In my defense, I am separated by several generations from many of my kids...its been many decades since I was one of them and I am not quite as up on the lingo or the culture. Still, I was feeling pretty good when my kids started referring to me as cool. It wasn't until earlier this week that one clued me in that cool stands for "constipated overweight old lady." Sigh...So on this, the eve of Mother's Day Weekend (we moms of 11 children have to take the whole weekend) I remind myself of the night that I closed myself in the basement and sobbed and yelled at God for not giving me a child and how He proceeded to Bless me abundantly. I am the mother of 11 amazingly wonderful individual treasures. While it isn't always easy, it is my life, and I love it.

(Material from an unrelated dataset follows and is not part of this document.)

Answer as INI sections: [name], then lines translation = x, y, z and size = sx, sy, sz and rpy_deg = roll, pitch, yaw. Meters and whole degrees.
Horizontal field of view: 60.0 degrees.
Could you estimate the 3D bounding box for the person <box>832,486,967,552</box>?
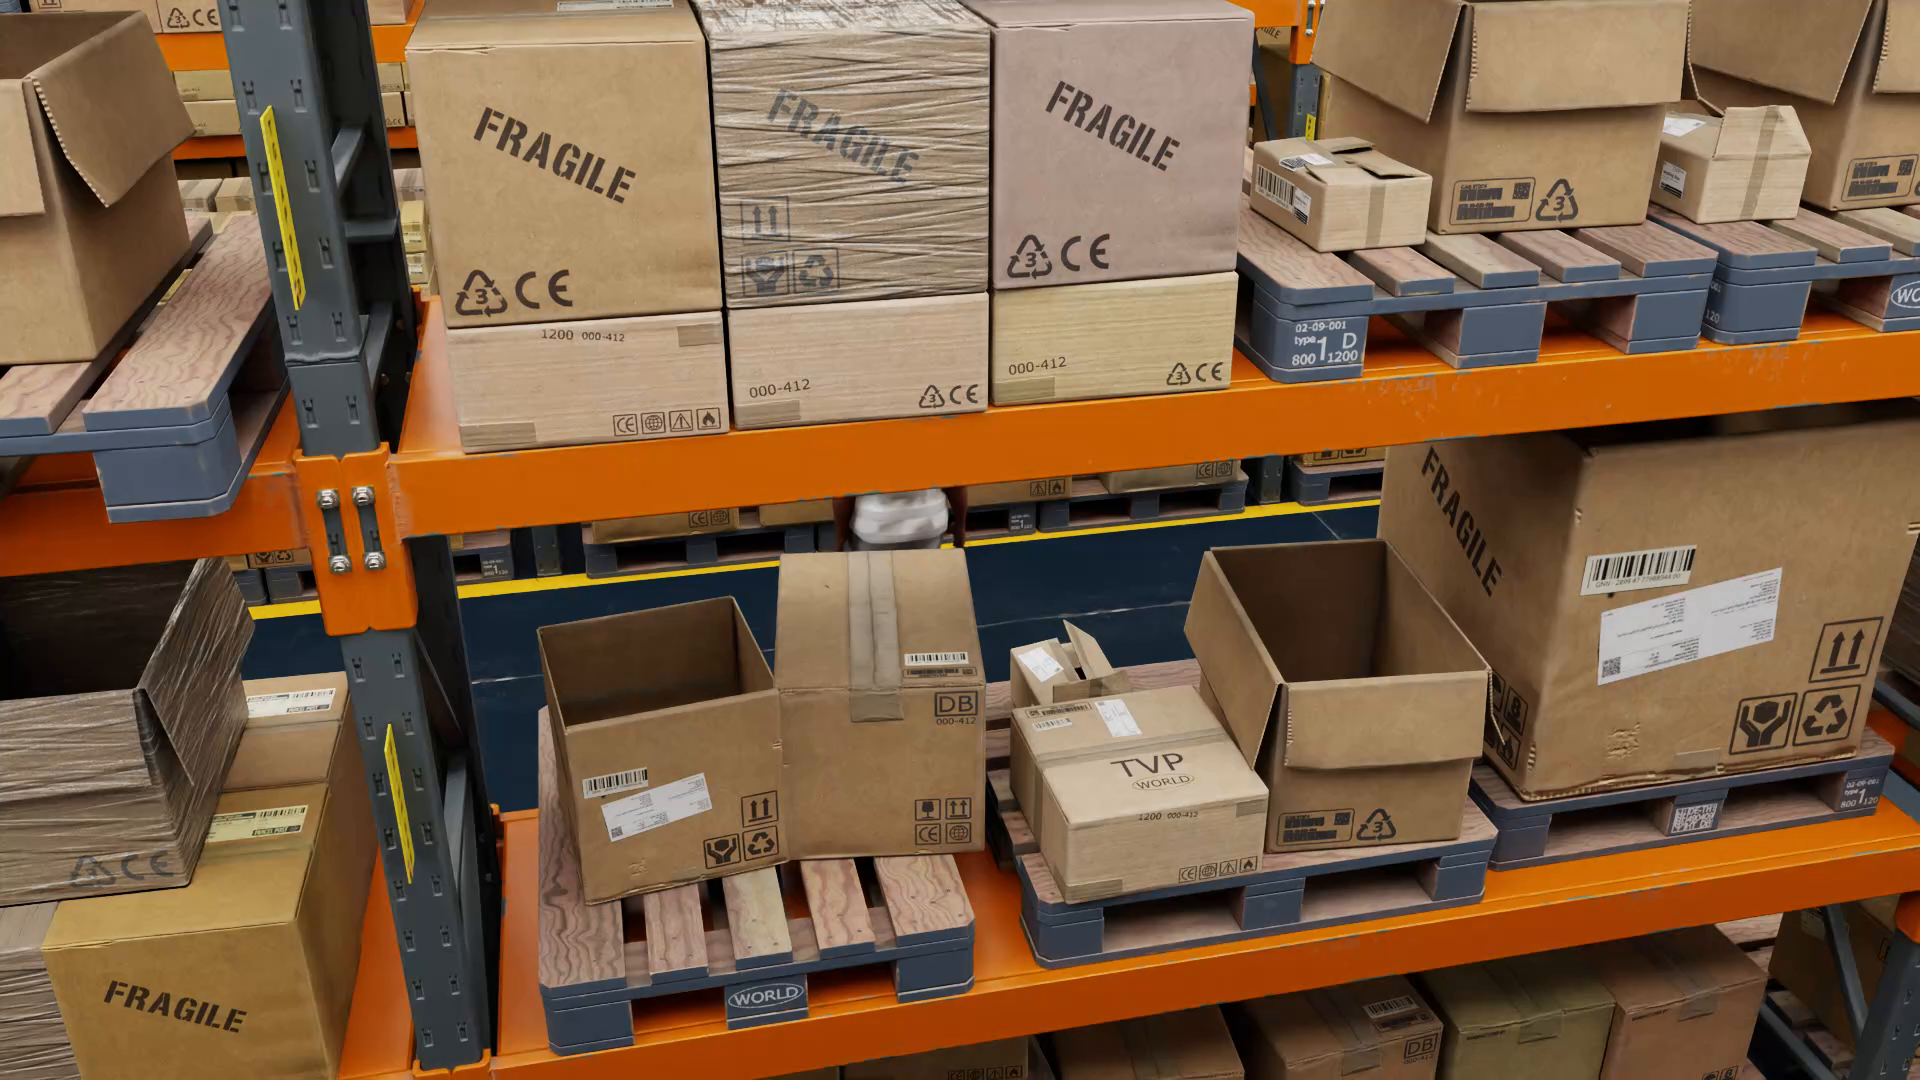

These moments will pass all too quickly and then I may no longer be a nerd (never-ending radical dude ;0)
Monday, May 2, 2011
Wow, what a difference a day makes. Last week we were all crying about the government and our military guys and gals were justifiably upset because their paychecks were not going to arrive on time or at all. Today everyone is waving the flag and singing God Bless America! How convenient that, on a week when our military casualties were especially high, an almost 10 year operation to find that madman was completed. And why are we, as a country, compelled to give him so much air time. Hasn't he already taken enough from us. We don't need him or news of him to spur us on to remain vigilant; we have forever lost that sense of safety. We don't need him to justify keeping our boys overseas; we have other madmen to hunt. We're still busy. I'm glad there is some tiny bit of closure for Sept. 11, 2001. Yeah, I'm glad they found him but have to think it was just one item on a very long punch list. And I just can't find it in me to find joy in the death of any man who doesn't know the Way ...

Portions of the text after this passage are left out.